As a Pom, albeit a famous one, Robinson is acutely aware that he is no position to lecture Australians about their own history. But being an outsider perhaps gives him more licence to interrogate some of the nation’s myths – and slaughter its most delicious sacred cows.
“I feel ignorance has an advantage because I don’t know what’s difficult territory,” he says. “I don’t know what’s politically correct.”
Having visited the Barossa several times before, Robinson was once again struck by people’s strong, peasant-like attachment to the soil and their enduring sense of honour; a commodity which is becoming rare in the 21st century.
“I was talking to [winemaker] Peter Lehmann earlier today and I was really impressed with this notion of ‘my word is my bond’ – something which was incredibly important during the tough years for the wine industry in the 1970s and 80s,” he says.
“Even people who no longer attend church on Sunday still adhere to the whole Lutheran morality – a particular attitude towards land, animals and produce. France is the only country which shares this attitude to land – a combination of sophistication and almost child-like absorption.”
As a keen environmentalist and long-time supporter of the British Labour Party, Robinson is appalled at proposals by the current UK government to allow more housing to be built in the English countryside – and admires the Barossa’s determination to protect its rural heritage.
“At the moment in the UK we’re backtracking on planning regulations – such as the famous green belt around London – that we’ve had since the Second World War,” he says.

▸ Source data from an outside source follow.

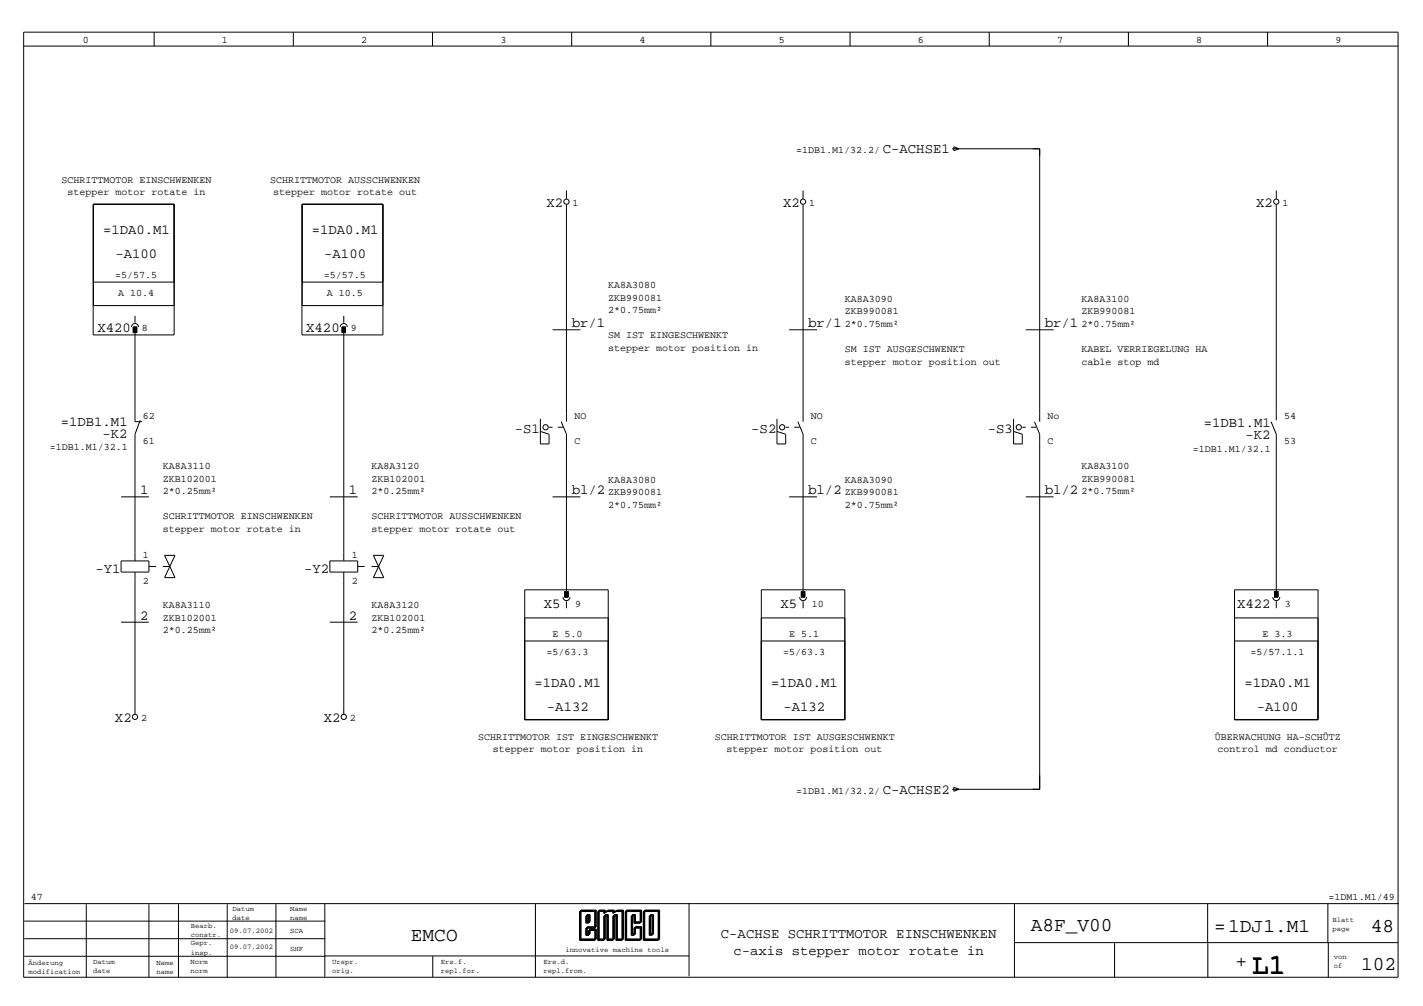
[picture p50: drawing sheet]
<svg xmlns="http://www.w3.org/2000/svg" width="297mm" height="210mm" viewBox="0 0 297 210" stroke-linecap="round" stroke-linejoin="round" font-family="sans-serif">
<defs><g id="words">
<text font-size="5.8" x="261.3" y="203.1">L1</text>
<g font-size="4.1">
<text x="85.8" y="196.3">EMCO</text>
<text x="215.2" y="194.4">A8F_V00</text>
<text x="253.4" y="194.5">=1DJ1.M1</text>
<text x="286.2" y="194.4">48</text>
<text x="257.9" y="201.8">+</text>
<text x="284.1" y="202.4">102</text>
</g>
<g font-size="2.9">
<text x="184.3" y="31.9">C-ACHSE1</text>
<text x="114.1" y="43.1">X2</text>
<text x="163.5" y="43.1">X2</text>
<text x="262.2" y="43.1">X2</text>
<text x="21.5" y="48.8">=1DA0.M1</text>
<text x="24.1" y="53.9">-A100</text>
<text x="65.1" y="48.8">=1DA0.M1</text>
<text x="67.7" y="53.9">-A100</text>
<text x="20.4" y="69.3">X420</text>
<text x="63.9" y="69.3">X420</text>
<text x="119.3" y="68.3">br/1</text>
<text x="168.7" y="68.3">br/1</text>
<text x="218.1" y="68.3">br/1</text>
<text x="12.7" y="88.8">=1DB1.M1</text>
<text x="251.3" y="89.1">=1DB1.M1</text>
<text x="21.4" y="91.3">-K2</text>
<text x="107.4" y="90.4">-S1</text>
<text x="156.8" y="90.4">-S2</text>
<text x="206.2" y="90.4">-S3</text>
<text x="260" y="91.7">-K2</text>
<text x="29.3" y="103.1">1</text>
<text x="72.8" y="103.1">1</text>
<text x="119.3" y="103.1">bl/2</text>
<text x="168.7" y="103.1">bl/2</text>
<text x="218.1" y="103.1">bl/2</text>
<text x="19.9" y="119.5">-Y1</text>
<text x="63.5" y="119.5">-Y2</text>
<text x="29.3" y="129.3">2</text>
<text x="72.8" y="129.3">2</text>
<text x="113.5" y="126.8">X5</text>
<text x="162.9" y="126.8">X5</text>
<text x="258.2" y="126.8">X422</text>
<text x="111.6" y="143.3">=1DA0.M1</text>
<text x="161" y="143.3">=1DA0.M1</text>
<text x="259.8" y="143.3">=1DA0.M1</text>
<text x="114.2" y="148.3">-A132</text>
<text x="163.6" y="148.3">-A132</text>
<text x="262.3" y="148.3">-A100</text>
<text x="24" y="150.6">X2</text>
<text x="67.6" y="150.6">X2</text>
<text x="184.3" y="165.6">C-ACHSE2</text>
<text x="150.5" y="195.7">C-ACHSE SCHRITTMOTOR EINSCHWENKEN</text>
<text x="153.1" y="199.3">c-axis stepper motor rotate in</text>
</g>
<g font-size="2.1">
<text x="17.3" y="8.9">0</text>
<text x="46.3" y="8.9">1</text>
<text x="75.4" y="8.9">2</text>
<text x="104.4" y="8.9">3</text>
<text x="133.5" y="8.9">4</text>
<text x="162.6" y="8.9">5</text>
<text x="191.6" y="8.9">6</text>
<text x="220.7" y="8.9">7</text>
<text x="249.7" y="8.9">8</text>
<text x="278.8" y="8.9">9</text>
<text x="166.2" y="31.9">=1DB1.M1/32.2/</text>
<text x="12.8" y="38.2">SCHRITTMOTOR EINSCHWENKEN</text>
<text x="14.1" y="40.8">stepper motor rotate in</text>
<text x="56.4" y="38.2">SCHRITTMOTOR AUSSCHWENKEN</text>
<text x="57" y="40.8">stepper motor rotate out</text>
<text x="119.5" y="42.9">1</text>
<text x="168.9" y="42.9">1</text>
<text x="267.7" y="42.9">1</text>
<text x="24" y="58.1">=5/57.5</text>
<text x="67.6" y="58.1">=5/57.5</text>
<text x="24.6" y="61.7">A 10.4</text>
<text x="68.2" y="61.7">A 10.5</text>
<text x="127" y="60.1">KA8A3080</text>
<text x="127" y="62.7">ZKB990081</text>
<text x="127" y="65.3">2*0.75mm²</text>
<text x="176.4" y="63">KA8A3090</text>
<text x="176.4" y="65.6">ZKB990081</text>
<text x="225.7" y="63">KA8A3100</text>
<text x="225.7" y="65.6">ZKB990081</text>
<text x="29.6" y="69">8</text>
<text x="73.2" y="69">9</text>
<text x="127" y="70.6">SM IST EINGESCHWENKT</text>
<text x="176.4" y="68.2">2*0.75mm²</text>
<text x="225.7" y="68.2">2*0.75mm²</text>
<text x="127" y="73.2">stepper motor position in</text>
<text x="176.4" y="73.5">SM IST AUSGESCHWENKT</text>
<text x="176.4" y="76.1">stepper motor position out</text>
<text x="225.7" y="73.5">KABEL VERRIEGELUNG HA</text>
<text x="225.7" y="76.1">cable stop md</text>
<text x="29.8" y="87.3">62</text>
<text x="119.9" y="87.3">NO</text>
<text x="169.3" y="87.3">NO</text>
<text x="218.7" y="87.3">No</text>
<text x="268.1" y="87.3">54</text>
<text x="10.4" y="93.9">=1DB1.M1/32.1</text>
<text x="29.8" y="92.7">61</text>
<text x="119.9" y="92.7">C</text>
<text x="169.3" y="92.7">C</text>
<text x="218.7" y="92.7">C</text>
<text x="249" y="94.2">=1DB1.M1/32.1</text>
<text x="268.1" y="92.7">53</text>
<text x="34" y="97.9">KA8A3110</text>
<text x="34" y="100.5">ZKB102001</text>
<text x="77.6" y="97.9">KA8A3120</text>
<text x="77.6" y="100.5">ZKB102001</text>
<text x="127" y="100.8">KA8A3080</text>
<text x="176.4" y="100.8">KA8A3090</text>
<text x="225.7" y="97.9">KA8A3100</text>
<text x="225.7" y="100.5">ZKB990081</text>
<text x="34" y="103.1">2*0.25mm²</text>
<text x="77.6" y="103.1">2*0.25mm²</text>
<text x="127" y="103.4">ZKB990081</text>
<text x="127" y="106">2*0.75mm²</text>
<text x="176.4" y="103.4">ZKB990081</text>
<text x="176.4" y="106">2*0.75mm²</text>
<text x="225.7" y="103.1">2*0.75mm²</text>
<text x="34" y="108.3">SCHRITTMOTOR EINSCHWENKEN</text>
<text x="34" y="110.9">stepper motor rotate in</text>
<text x="77.6" y="108.3">SCHRITTMOTOR AUSSCHWENKEN</text>
<text x="77.6" y="110.9">stepper motor rotate out</text>
<text x="29.8" y="116.4">1</text>
<text x="73.4" y="116.4">1</text>
<text x="29.8" y="121.8">2</text>
<text x="73.4" y="121.8">2</text>
<text x="34" y="126.9">KA8A3110</text>
<text x="34" y="129.5">ZKB102001</text>
<text x="77.6" y="126.9">KA8A3120</text>
<text x="77.6" y="129.5">ZKB102001</text>
<text x="120.1" y="126.6">9</text>
<text x="169.5" y="126.6">10</text>
<text x="268.2" y="126.6">3</text>
<text x="34" y="132.1">2*0.25mm²</text>
<text x="77.6" y="132.1">2*0.25mm²</text>
<text x="114.1" y="136.6">=5/63.3</text>
<text x="115.3" y="132.9">E 5.0</text>
<text x="163.5" y="136.6">=5/63.3</text>
<text x="164.7" y="132.9">E 5.1</text>
<text x="261" y="136.6">=5/57.1.1</text>
<text x="263.5" y="132.9">E 3.3</text>
<text x="29.5" y="150.4">2</text>
<text x="73" y="150.4">2</text>
<text x="99.8" y="154.4">SCHRITTMOTOR IST EINGESCHWENKT</text>
<text x="149.2" y="154.4">SCHRITTMOTOR IST AUSGESCHWENKT</text>
<text x="253.6" y="154.4">ÜBERWACHUNG HA-SCHÜTZ</text>
<text x="102.9" y="157">stepper motor position in</text>
<text x="151.7" y="157">stepper motor position out</text>
<text x="254.2" y="157">control md conductor</text>
<text x="166.2" y="165.6">=1DB1.M1/32.2/</text>
<text x="6.4" y="187.9">47</text>
<text x="277.3" y="187.9">=1DM1.M1/49</text>
</g>
<g font-size="1.5">
<text x="48.6" y="190">Datum</text>
<text x="48.6" y="191.9">date</text>
<text x="60.5" y="190">Name</text>
<text x="60.5" y="191.9">name</text>
<text x="39.8" y="193.6">Bearb.</text>
<text x="39.8" y="195.5">constr.</text>
<text x="39.8" y="197.3">Gepr.</text>
<text x="48" y="194.6">09.07.2002</text>
<text x="60.6" y="194.7">SCA</text>
<text x="278.2" y="192.3">Blatt</text>
<text x="278.2" y="194.2">page</text>
<text x="5.9" y="201.3">Änderung</text>
<text x="5.9" y="203.2">modification</text>
<text x="19.4" y="201.2">Datum</text>
<text x="19.4" y="203.1">date</text>
<text x="32.6" y="201.3">Name</text>
<text x="32.6" y="203.2">name</text>
<text x="39.7" y="201.2">Norm</text>
<text x="39.7" y="203.1">norm</text>
<text x="39.8" y="199.2">insp.</text>
<text x="48" y="198">09.07.2002</text>
<text x="60.6" y="198.5">SHF</text>
<text x="69.3" y="201.2">Urspr.</text>
<text x="69.3" y="203.1">orig.</text>
<text x="92" y="201.1">Ers.f.</text>
<text x="92" y="203">repl.for.</text>
<text x="113.5" y="201.2">Ers.d.</text>
<text x="113.5" y="203.1">repl.from.</text>
<text x="118" y="198.6">innovative machine tools</text>
<text x="278.4" y="200.1">von</text>
<text x="278.4" y="202">of</text>
</g>
</g></defs>
<g fill="none" stroke="#000" stroke-width=".21">
<path d="M4.9 9.6h286.9M4.9 6.7h286.9v197.2h-286.9zM32.2 6.7v2.9M61.2 6.7v2.9M90.3 6.7v2.9M119.3 6.7v2.9M148.4 6.7v2.9M177.4 6.7v2.9M206.5 6.7v2.9M235.5 6.7v2.9M264.6 6.7v2.9M118.2 39.8v1.7"/>
<path d="M167.6 39.8v1.7M198.7 31h18.3v57M199.1 30.6l1.1 .4-1.1 .5zM266.4 39.8v1.7M19.4 42.6h17v27.3h-17zM19.5 42.6v21.2h16.9M19.5 42.7h16.9M36.3 42.6v16.3h-16.8M63 42.6h16.9v27.3h-16.9zM63.1 42.6v21.2h16.8M63.1 42.7h16.8M79.9 42.6v16.3h-16.8"/>
<path d="M118.2 42.7v45.3M167.6 42.7v45.3M266.4 42.7v45M27.5 68.2a.73 .73 0 0 1 .7-.7 .73 .73 0 0 1 .7 .7M27.8 68.2h.7v1.2h-.7zM28.2 65.9v1.5M28.2 68.8v19.2h1.4M71 68.2a.73 .73 0 0 1 .8-.7 .73 .73 0 0 1 .7 .7M71.4 68.2h.7v1.2h-.7zM71.8 65.9v1.5M71.8 68.8v48.2M115.3 68.8h5.9"/>
<path d="M164.7 68.8h5.8M214.1 68.8h5.8M29.3 87.7l-1.1 2.9v26.4M112.8 87.4v5.2h1.8v-2l-1.8-.6M114.6 89.1h.7M116.4 89.1h1.1M117.2 88l1 2.6v33.4M162.2 87.4v5.2h1.8v-2l-1.8-.6M164 89.1h.7M165.8 89.1h1.1M166.5 88l1.1 2.6v33.4M211.6 87.4v5.2h1.8v-2l-1.8-.6"/>
<path d="M213.4 89.1h.7M215.2 89.1h1.1M215.9 88l1.1 2.6v74.1h-18.3M265.3 88l1.1 2.6v33.4M25.3 117h5.8v2.4h-5.8zM25.3 103.7h5.8M28.2 119.4v29.6M31.1 118.2h1.4M34 118.2h1.4M34.4 115.9l2.1 4.6h-2.1l2.1-4.6zM68.9 103.7h5.8M68.9 117h5.8v2.4h-5.8z"/>
<path d="M71.8 119.4v29.6M74.7 118.2h1.4M77.6 118.2h1.4M77.9 115.9h2.2l-2.2 4.6h2.2zM115.3 103.7h5.9M164.7 103.7h5.8M214.1 103.7h5.8M25.3 129.8h5.8M68.9 129.8h5.8M109.5 128.9h17.5M117.5 124.6a.73 .73 0 0 0 .7 .7 .73 .73 0 0 0 .8-.7M117.9 123.4h.7v1.2h-.7z"/>
<path d="M118.2 125.5v1.4M127 133.7h-17.5v16.5h17.5v-27.1h-17.5v27.1M158.9 133.7h17.5M158.9 128.9h17.5M158.9 123.1h17.5v27.1h-17.5zM166.9 124.6a.73 .73 0 0 0 .7 .7 .73 .73 0 0 0 .8-.7M167.3 123.4h.7v1.2h-.7zM167.6 125.5v1.4M257.7 133.7h17.4M257.7 128.9h17.4M257.7 123.1h17.4v27.1h-17.4zM265.7 124.6a.73 .73 0 0 0 .7 .7 .73 .73 0 0 0 .7-.7"/>
<path d="M266.1 123.4h.7v1.2h-.7zM266.4 125.5v1.4M199.1 164.3l1.1 .4-1.1 .4zM5.1 192.2h62.8M5.1 195.9h62.8M5.1 199.5h62.8M5.1 188.5h286.9M18 188.7v15.2M31.1 188.7v15.2M37.3 188.7v15.2M47.4 188.7v15.2M57.6 188.7v15.2"/>
<path d="M67.8 188.6v15.2M67.8 199.5h76M90.3 199.5v4.4M111.8 188.6v15.3M121 190.2h3.1v3.5h-1.8v1.5h.6v-1.1h1.3v2.1h-3.2zM121.1 190.1h3.1v3.5h-1.8v1.5h.5v-1.1h1.4v2.1h-3.2zM121.1 190h3.2v3.5h-1.9v1.5h.6v-1h1.3v2.1h-3.2zM121.2 190h3.2v3.4h-1.9v1.5h.6v-1h1.3v2.1h-3.2zM121.3 189.9h3.2v3.5h-1.9v1.5h.6v-1.1h1.3v2.1h-3.2zM122.3 191.1h.6v1.5h-.6zM122.4 191h.5v1.5h-.5zM122.4 191h.6v1.4h-.6z"/>
<path d="M122.5 190.9h.6v1.5h-.6zM122.6 190.8h.6v1.5h-.6zM124.8 190.2h1.2v.4l.7-.4h1.2v.4l.7-.4h1.2v6h-1.2v-5.1h-.7v5.1h-1.2v-5.1h-.7v5.1h-1.2zM126.8 190.1h1.2v.4l.7-.5h1.3v6.1h-1.3v-5.1h-.6v5.1h-1.3v-5.1h-.6v5.1h-1.3v-6.1h1.3v.5M126.9 190h1.3v.3l.7-.4h1.2v6h-1.2v-5.1h-.7v5.1h-1.2v-5.1h-.7v5.1h-1.2v-6h1.2v.4M128.6 190.1h1.3v6h-1.3v-5.1h-.6v5.1h-1.2v-5.1h-.7v5.1h-1.2v-6h1.2v.4l.7-.5h1.3v.4M128.8 190h1.3v6h-1.3v-5.1h-.6v5.1h-1.3v-5.1h-.6v5.1h-1.3v-6h1.3v.4l.7-.5h1.2v.4M130.5 190.2h3.1v2.4h-1.3v-1.5h-.5v4.1h.5v-1.5h1.3v2.5h-3.1zM130.6 190.1h3.1v2.5h-1.3v-1.6h-.6v4.1h.6v-1.5h1.3v2.5h-3.1zM130.7 190h3.1v2.5h-1.3v-1.5h-.6v4h.6v-1.5h1.3v2.6h-3.1zM130.7 190h3.2v2.4h-1.3v-1.5h-.6v4h.6v-1.5h1.3v2.6h-3.2zM130.8 189.9h3.1v2.4h-1.3v-1.5h-.5v4.1h.5v-1.5h1.3v2.5h-3.1z"/>
<path d="M134.3 190.2h3.1v6h-3.1zM134.4 190.1h3.1v6h-3.1zM134.4 190h3.1v6.1h-3.1zM134.5 190h3.1v6h-3.1zM134.6 189.9h3.1v6h-3.1zM135.5 191.1h.6v4.1h-.6zM135.6 191h.6v4.1h-.6zM135.7 191h.6v4h-.6zM135.7 190.9h.6v4h-.6zM135.8 190.8h.6v4h-.6zM143.8 188.4v15.3M211.8 188.6v15.3"/>
<path d="M211.8 196.7h80.1M232.7 196.8v7.1M252.1 188.6v15.3M277.2 188.6v8.1M277.3 196.7v7.2"/>
<circle cx="118.2" cy="42.1" r=".54"/>
<circle cx="167.6" cy="42.1" r=".54"/>
<circle cx="266.4" cy="42.1" r=".54"/>
<circle cx="113.9" cy="89.1" r=".54"/>
<circle cx="163.3" cy="89.1" r=".54"/>
<circle cx="212.7" cy="89.1" r=".54"/>
<circle cx="28.2" cy="149.6" r=".54"/>
<circle cx="71.8" cy="149.6" r=".54"/>
</g>
<path d="M27.8 68.2h.7v1.2h-.7zM71.4 68.2h.7v1.2h-.7zM117.9 123.4h.7v1.2h-.7zM167.3 123.4h.7v1.2h-.7zM266.1 123.4h.7v1.2h-.7z" fill="#000" stroke="#000" stroke-width=".21"/>
<use href="#words"/>
</svg>

“This could the legacy that everyone remembers about the Cameron government; in the same way people remember a previous Tory government for Lord Beeching and the destruction of the country’s railways network.”
Despite what he admits is just a “whistle-stop” trip to the Barossa, Robinson clearly feels very protective towards the Barossa and worries about the negative impact of increased tourism on a region which revels in its sense of isolation.
“Part of me wants to say [to a global television audience] come here, come here!” he says, lapsing back into Badrick mode. “But there’s another part of me which says ‘Well if everyone does that the Barossa will lose its individual character’.”
Not that Tony Robinson Time Walks could ever be accused of being a superficial travelogue. As its irrepressible host explains, the whole point of the exercise to bring history to life, warts and all – not to gloss over the embarrassing chapters.
“I really want to celebrate the Barossa,” he says. “But you need to be realistic about the history of the place. It wasn’t settled by a bunch of intelligent, kind saints. There were plenty of loonies. But that’s part of human nature, isn’t it?”
The Barossa is a 90-minute drive from Adelaide, capital of South Australia. Legendary winemaker Peter Lehmann died in 2013, shortly after this interview. Kegel is an indoor bowls style brought to South Australia by German-speaking migrants in the 19th Century.